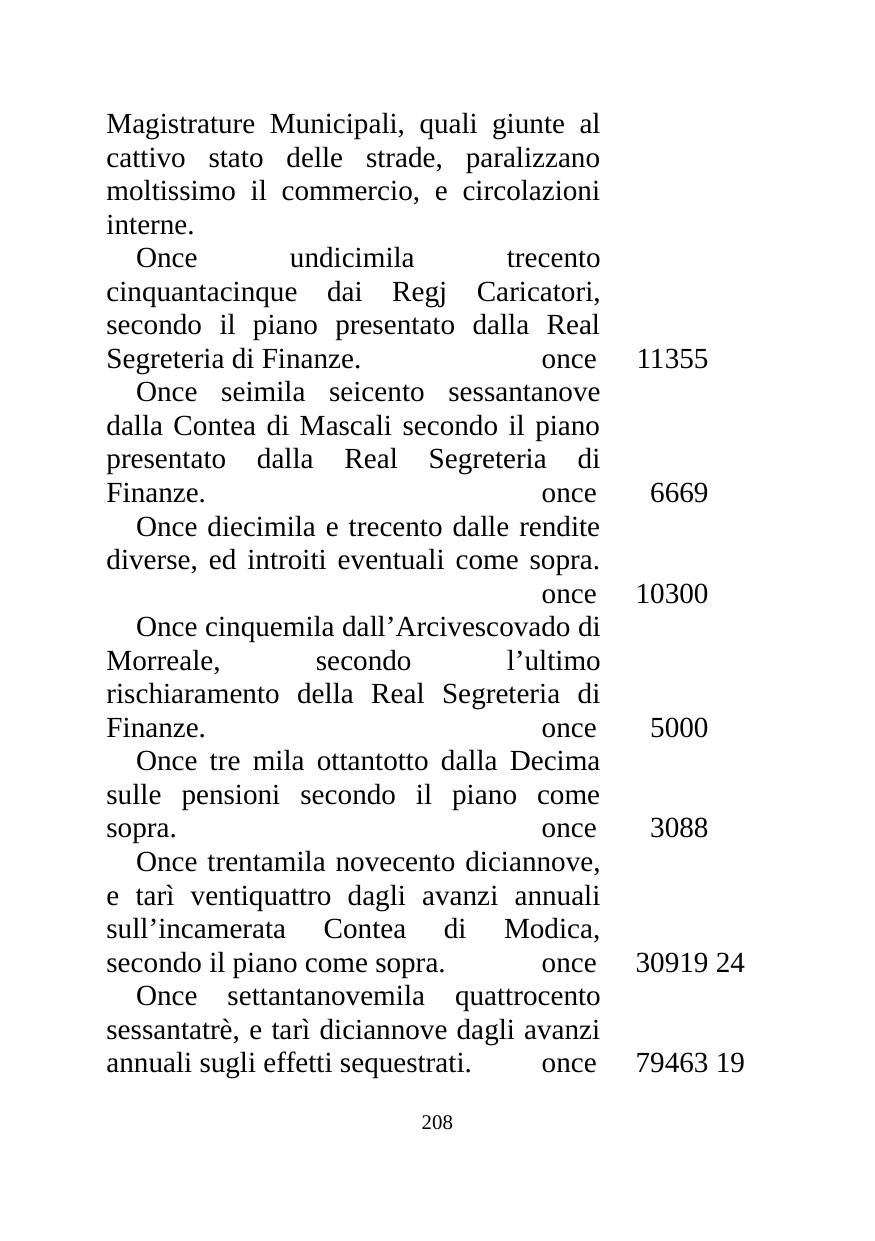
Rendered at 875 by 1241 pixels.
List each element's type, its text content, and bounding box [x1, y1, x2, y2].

table_cell [601, 106, 767, 240]
table_cell 79463 19 [601, 978, 767, 1079]
table_cell 3088 [601, 744, 767, 844]
table_cell 5000 [601, 609, 767, 743]
table_cell 11355 [601, 240, 767, 374]
table_cell Once settantanovemila quattrocento sessantatrè, e tarì diciannove dagli avanzi annuali sugli effetti sequestrati. once [106, 978, 601, 1079]
table_cell 10300 [601, 509, 767, 609]
table_cell Once trentamila novecento diciannove, e tarì ventiquattro dagli avanzi annuali sull’incamerata Contea di Modica, secondo il piano come sopra. once [106, 844, 601, 978]
table_cell Once tre mila ottantotto dalla Decima sulle pensioni secondo il piano come sopra. once [106, 744, 601, 844]
table_cell Once undicimila trecento cinquantacinque dai Regj Caricatori, secondo il piano presentato dalla Real Segreteria di Finanze. once [106, 240, 601, 374]
table_cell 30919 24 [601, 844, 767, 978]
table_cell Once cinquemila dall’Arcivescovado di Morreale, secondo l’ultimo rischiaramento della Real Segreteria di Finanze. once [106, 609, 601, 743]
table_cell Once seimila seicento sessantanove dalla Contea di Mascali secondo il piano presentato dalla Real Segreteria di Finanze. once [106, 375, 601, 509]
table_cell 6669 [601, 375, 767, 509]
table_cell Once diecimila e trecento dalle rendite diverse, ed introiti eventuali come sopra. once [106, 509, 601, 609]
table_cell Magistrature Municipali, quali giunte al cattivo stato delle strade, paralizzano moltissimo il commercio, e circolazioni interne. [106, 106, 601, 240]
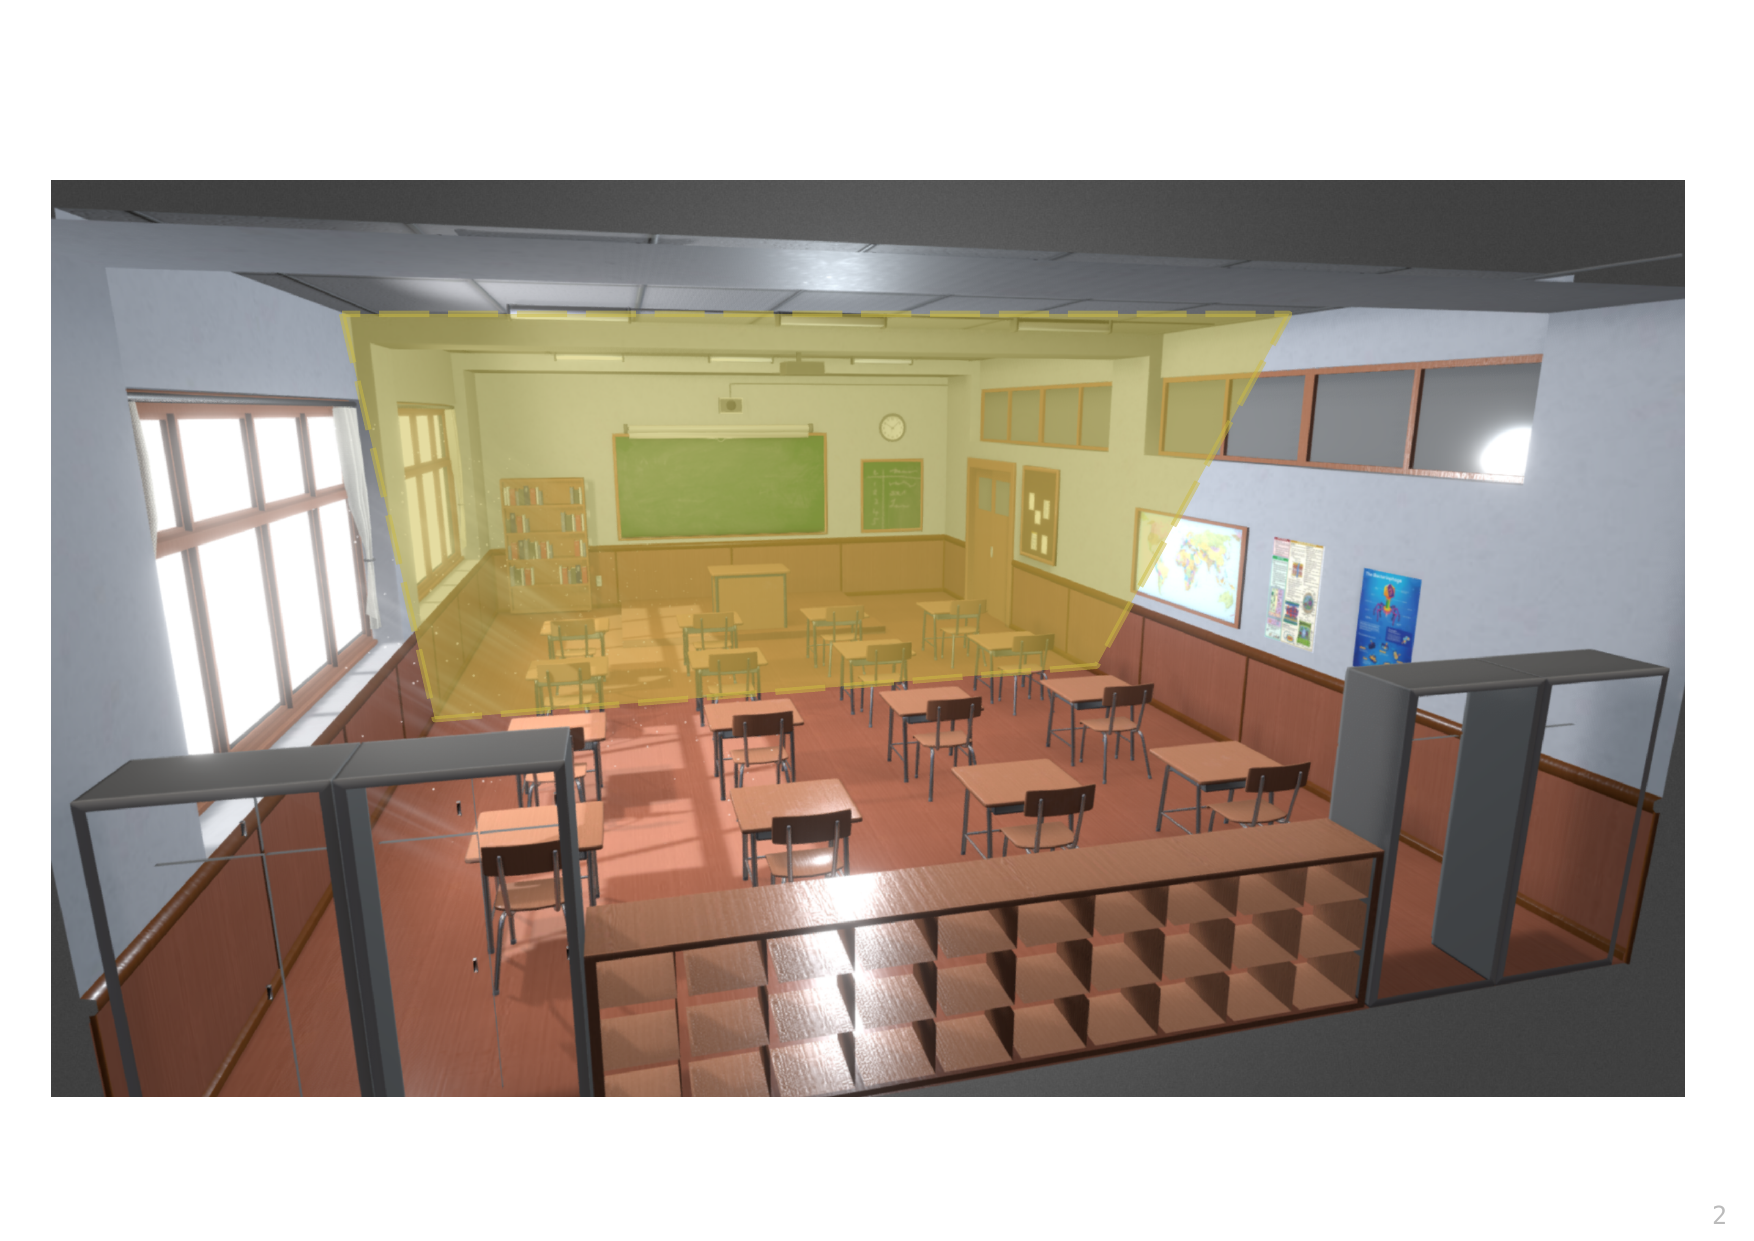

▸ **Goal of the exercise**
Return exactly the lines that begin with the one containing "table_cell 10300 [601, 509, 767, 609]" and end with the final line of the data above; include no pictures.

▸ **Solution to this exercise**
table_cell 10300 [601, 509, 767, 609]
table_cell Once trentamila novecento diciannove, e tarì ventiquattro dagli avanzi annuali sull’incamerata Contea di Modica, secondo il piano come sopra. once [106, 844, 601, 978]
table_cell Once tre mila ottantotto dalla Decima sulle pensioni secondo il piano come sopra. once [106, 744, 601, 844]
table_cell Once undicimila trecento cinquantacinque dai Regj Caricatori, secondo il piano presentato dalla Real Segreteria di Finanze. once [106, 240, 601, 374]
table_cell 30919 24 [601, 844, 767, 978]
table_cell Once cinquemila dall’Arcivescovado di Morreale, secondo l’ultimo rischiaramento della Real Segreteria di Finanze. once [106, 609, 601, 743]
table_cell Once seimila seicento sessantanove dalla Contea di Mascali secondo il piano presentato dalla Real Segreteria di Finanze. once [106, 375, 601, 509]
table_cell 6669 [601, 375, 767, 509]
table_cell Once diecimila e trecento dalle rendite diverse, ed introiti eventuali come sopra. once [106, 509, 601, 609]
table_cell Magistrature Municipali, quali giunte al cattivo stato delle strade, paralizzano moltissimo il commercio, e circolazioni interne. [106, 106, 601, 240]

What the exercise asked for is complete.